The man who is arguably the greatest-ever footballer watched the Dark Blues and Brazil kick-off the 1998 World Cup Finals in France, little realising it would be the start of a long exile for the country from major tournament Finals.

Pele has retained a soft spot for Scotland for the past 50 years, since appearing at Hampden Park in a 1-1 draw in the build-up to the 1966 World Cup Finals.

He was back in Glasgow on Friday night for a gala dinner, part of the proceeds from which are going to charity.

And he was in reflective mood when he looked back to France 98, when Craig Brown’s side went down narrowly to his homeland.

“That is football – sometimes you win but sometimes you don’t,” he said, having earlier gone on record praising Scots fans for partying like Brazilians. “Even for Brazil, this is the case. “Before I came over to Scotland, I was talking about this with a friend of mine.

“We have won five World Cups – but we have also lost two in our own country.

“In 1950, when I was just 10 years old, I saw my father cry and I asked him why.

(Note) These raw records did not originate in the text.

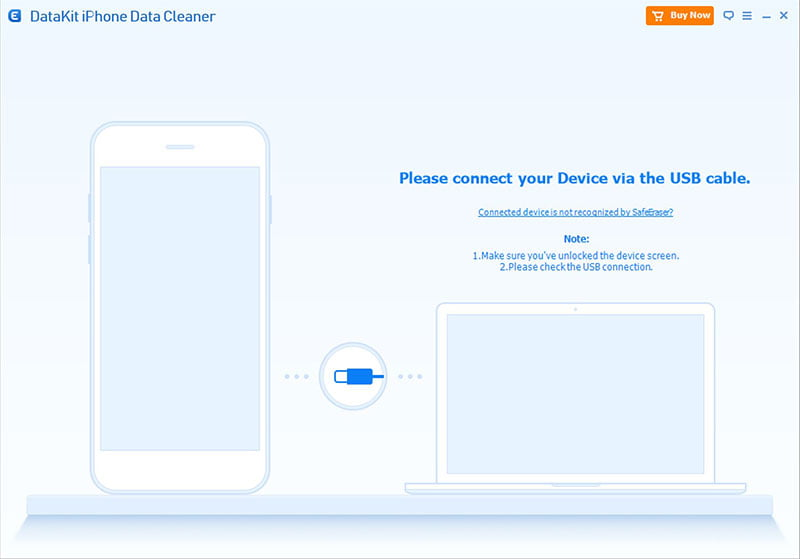In a realistic scenario, describe how a business professional might use this software during their busy workday. A business professional might use this software during a busy workday to ensure their iPhone data stays organized and secure. For instance, amid back-to-back meetings, they may quickly connect their iPhone to their laptop using the USB cable depicted. Being on a tight schedule, they rely on the software's automated features to cleaned unneeded files, ensuring their device operates smoothly, readying for an important virtual conference call. The user appreciates the efficiency of troubleshooting tips, like confirming the device is unlocked and checking the USB connection, as they can swiftly resolve any issues and continue their productivity without a hitch. Throughout the day, the professional may also use the software to back up essential data or prepare the device for a presentation, showcasing their organized approach to technology management. 
Quick scenario: Why might a student find this software useful? A student might find this software useful for maintaining their iPhone storage clutter-free, especially when they need to free up space for educational apps, projects, or media files. The troubleshooting tips provided ensure they can quickly resolve any connection issues, reducing downtime and keeping their learning resources accessible and organized. 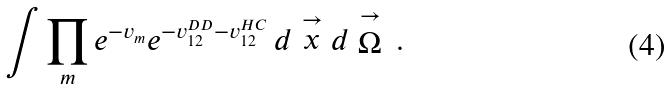<formula> <loc_0><loc_0><loc_500><loc_500>\int \prod _ { m } e ^ { - v _ { m } } e ^ { - v ^ { D D } _ { 1 2 } - v ^ { H C } _ { 1 2 } } \, d \stackrel { \rightarrow } { x } d \stackrel { \rightarrow } { \Omega } \, .</formula> 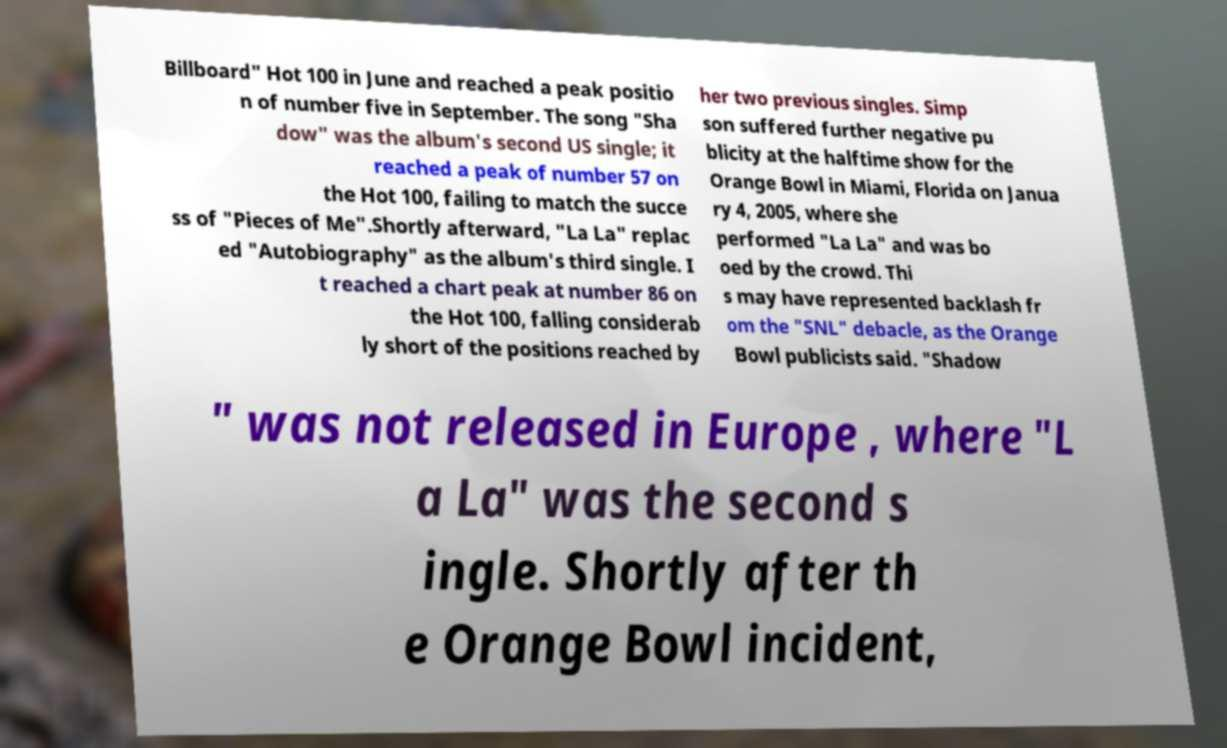Could you assist in decoding the text presented in this image and type it out clearly? Billboard" Hot 100 in June and reached a peak positio n of number five in September. The song "Sha dow" was the album's second US single; it reached a peak of number 57 on the Hot 100, failing to match the succe ss of "Pieces of Me".Shortly afterward, "La La" replac ed "Autobiography" as the album's third single. I t reached a chart peak at number 86 on the Hot 100, falling considerab ly short of the positions reached by her two previous singles. Simp son suffered further negative pu blicity at the halftime show for the Orange Bowl in Miami, Florida on Janua ry 4, 2005, where she performed "La La" and was bo oed by the crowd. Thi s may have represented backlash fr om the "SNL" debacle, as the Orange Bowl publicists said. "Shadow " was not released in Europe , where "L a La" was the second s ingle. Shortly after th e Orange Bowl incident,

“He said it was because Brazil had lost the World Cup Final (going down to fierce rivals Uruguay in front of a crowd of 200,000 at the Maracana Stadium).

“And the last time (when hosts Brazil were thumped 7-1 in the 2014 semi-final by Germany) I was disappoint­ed.

“But I made sure not to cry because I did not want my son to see me cry the same way I had seen my father.

“That is football, that is life. You have to keep believing.”

 ??  ?? Pele on Friday night.
Pele on Friday night.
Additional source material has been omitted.